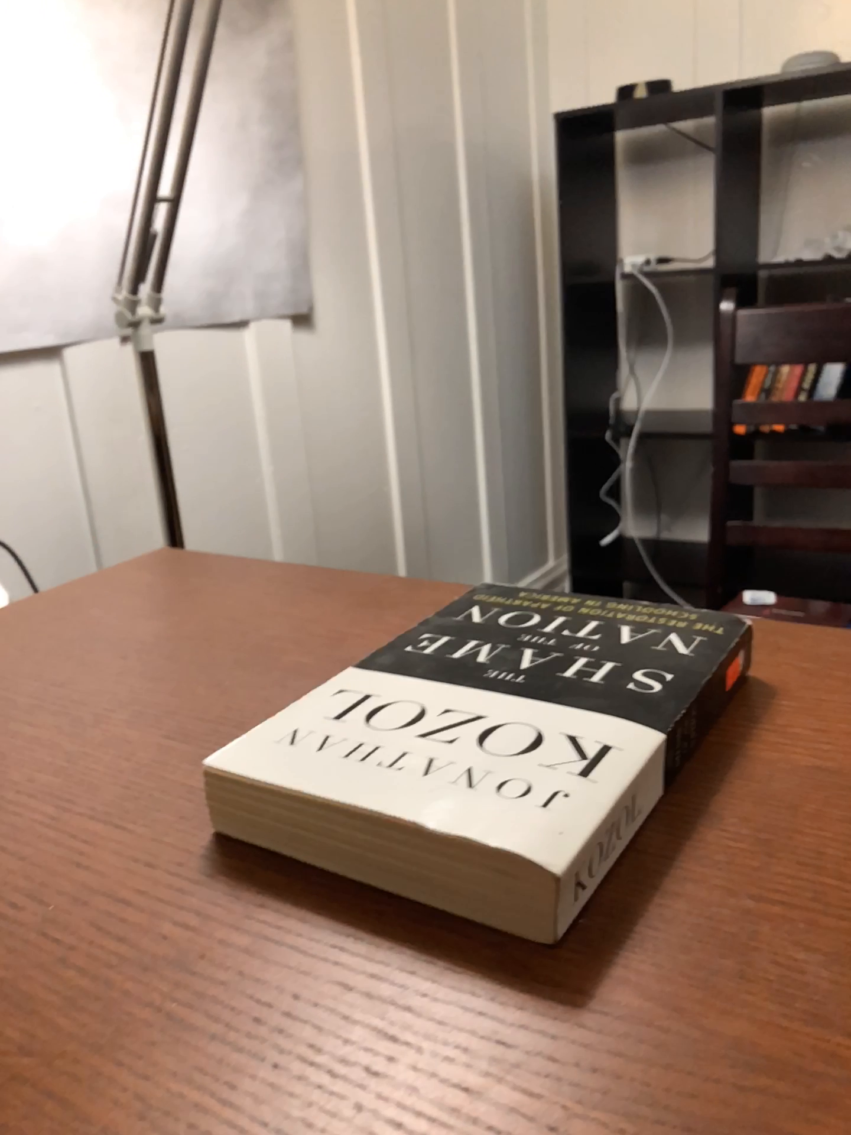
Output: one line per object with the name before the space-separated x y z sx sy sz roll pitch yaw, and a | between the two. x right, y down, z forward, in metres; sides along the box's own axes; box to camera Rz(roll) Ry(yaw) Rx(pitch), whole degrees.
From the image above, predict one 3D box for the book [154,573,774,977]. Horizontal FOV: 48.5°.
book | 0.033 0.058 0.390 0.160 0.030 0.231 6 20 32

▸ Instructions to follow
Where the data includes pictures, leave them out and write out everything else exactly.

▸ Expected output
Output: one line per object with the name before the space-separated x y z sx sy sz roll pitch yaw, and a | between the two. x right, y down, z forward, in metres; sides along the box's own axes; box to camera Rz(roll) Ry(yaw) Rx(pitch), whole degrees.
From the image above, predict one 3D box for the book [154,573,774,977]. Horizontal FOV: 48.5°.
book | 0.033 0.058 0.390 0.160 0.030 0.231 6 20 32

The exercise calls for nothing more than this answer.